Over 600,000 beneficiaries stand to be affected by the suspension, the World Bank revealed in a letter to Congo’s finance minister. Among those impacted are victims of sexual violence. The authenticity of this correspondence has been confirmed by a World Bank spokesperson.

The World Bank is also seeking clarity on the status of $91 million, previously advanced for the projects, out of the total commitment of $1.04 billion.

The “Social Fund of the Democratic Republic of Congo” was dissolved on May 4 by an executive order from President Felix Tshisekedi, who then established a different public fund. The move was reportedly in response to changes in the legal framework governing public institutions, as per the president’s statement.

The World Bank’s director of operations for the country, Albert Zeufack, expressed the institution’s surprise at the decision in a letter dated May 12, revealing that they had discovered the development via press reports. “Before being able to continue to commit the project funds, the government and the World Bank should agree on transitional measures… in order to ensure that the funds are used for the intended purposes,” he stated.

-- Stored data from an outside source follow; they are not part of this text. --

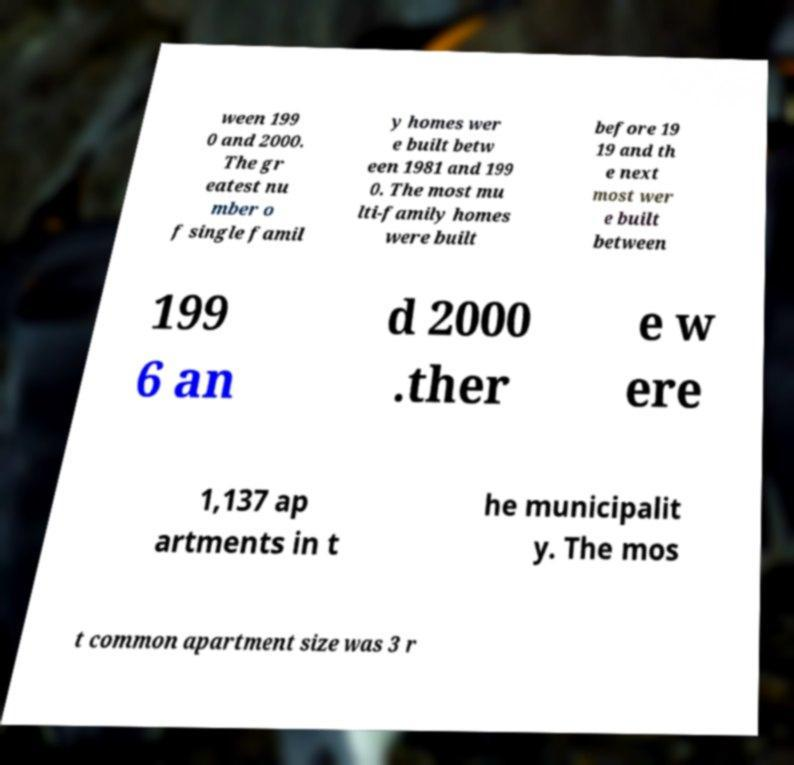Please identify and transcribe the text found in this image. ween 199 0 and 2000. The gr eatest nu mber o f single famil y homes wer e built betw een 1981 and 199 0. The most mu lti-family homes were built before 19 19 and th e next most wer e built between 199 6 an d 2000 .ther e w ere 1,137 ap artments in t he municipalit y. The mos t common apartment size was 3 r 
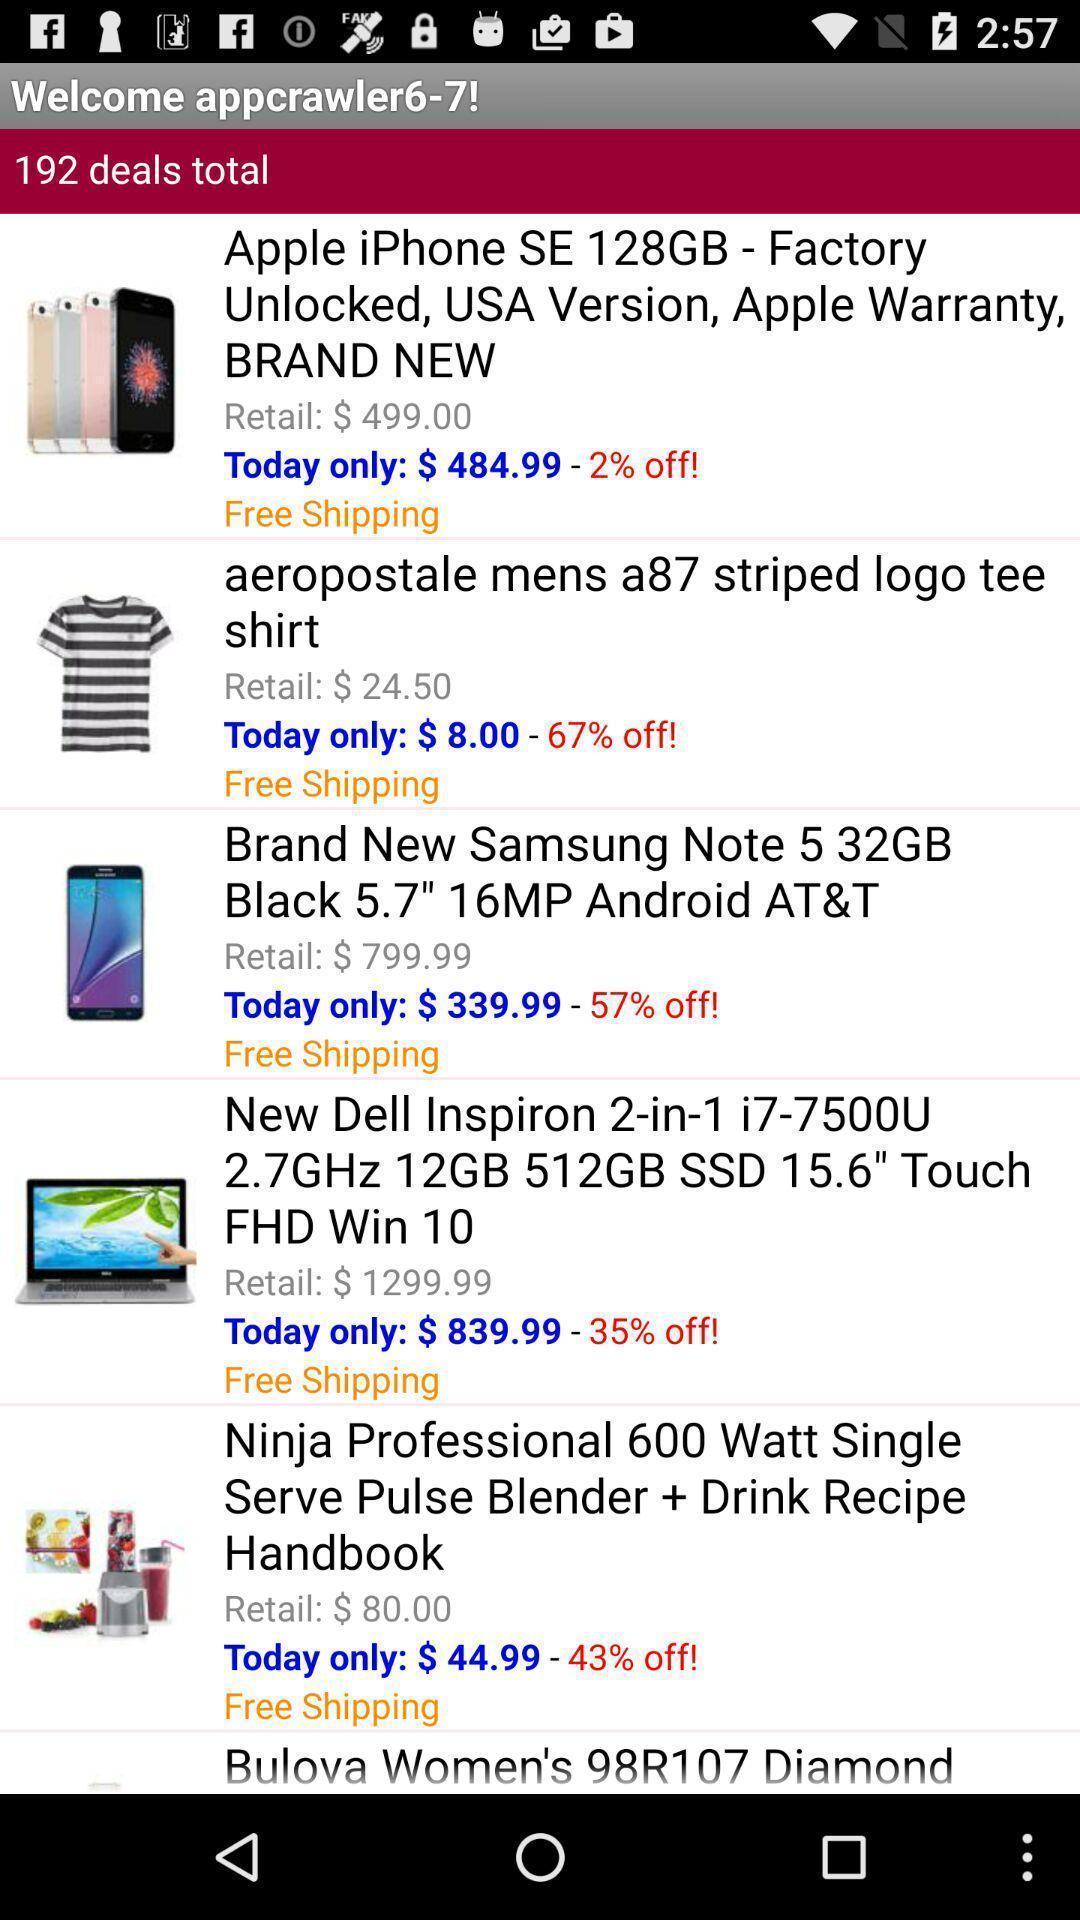What details can you identify in this image? Screen showing deals. 
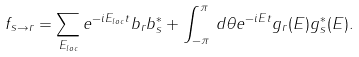Convert formula to latex. <formula><loc_0><loc_0><loc_500><loc_500>f _ { s \rightarrow r } = \sum _ { E _ { l o c } } e ^ { - i E _ { l o c } t } b _ { r } b _ { s } ^ { * } + \int _ { - \pi } ^ { \pi } \, d \theta e ^ { - i E t } g _ { r } ( E ) g _ { s } ^ { * } ( E ) .</formula> 
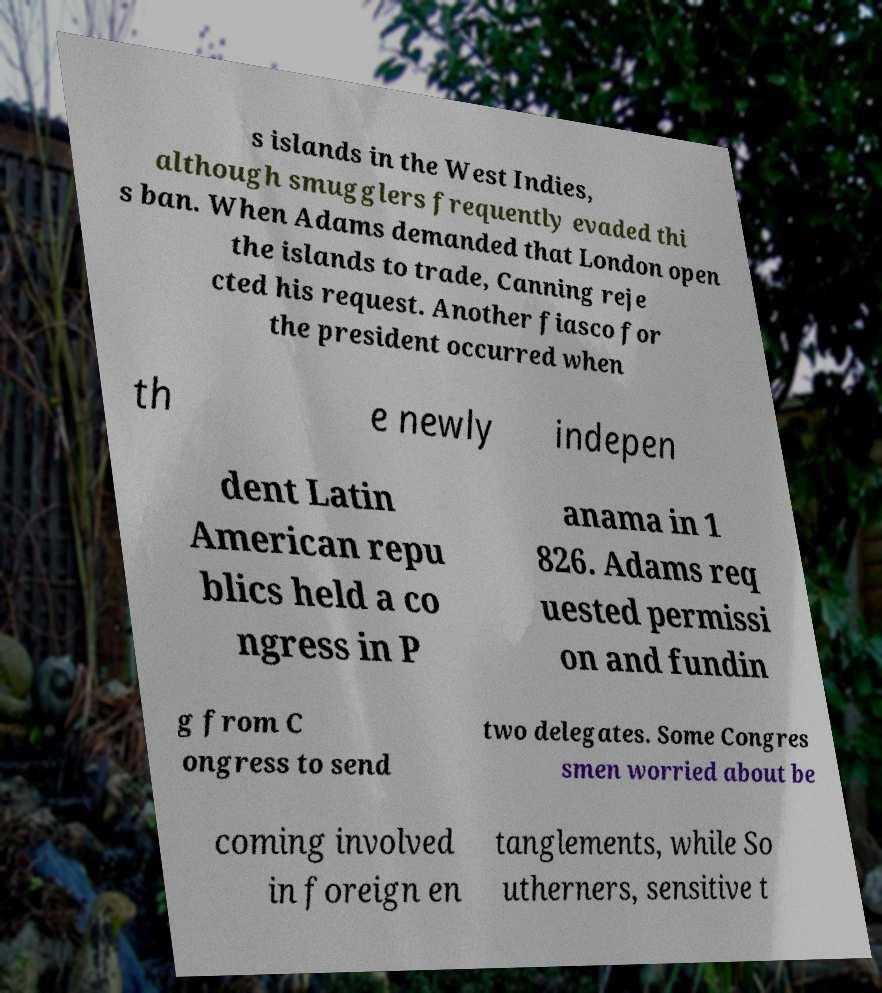Please identify and transcribe the text found in this image. s islands in the West Indies, although smugglers frequently evaded thi s ban. When Adams demanded that London open the islands to trade, Canning reje cted his request. Another fiasco for the president occurred when th e newly indepen dent Latin American repu blics held a co ngress in P anama in 1 826. Adams req uested permissi on and fundin g from C ongress to send two delegates. Some Congres smen worried about be coming involved in foreign en tanglements, while So utherners, sensitive t

The finance ministry spokesperson for Congo claimed that comments would be made after receiving directions from the presidency. Tina Salama, Presidential spokesperson, refuted the suspension claims and insisted that the fund would undergo transitional management. However, she did not provide any answers regarding the $91 million in question.

This suspension could critically affect various beneficiaries, including the Panzi Foundation led by Denis Mukwege, a Congolese gynaecologist and recipient of the 2018 Nobel Peace Prize for his services to victims of sexual violence. Mukwege described the situation as a catastrophe for the victims, revealing that his program had received a warning that their expenses would no longer be reimbursed.

The fallout from this decision has reached international platforms, with four of Congo’s main opposition politicians writing to leaders of the International Monetary Fund, the World Bank, and the African Development Bank. The politicians have requested an audit of their funds in Congo amid suspicions of misuse.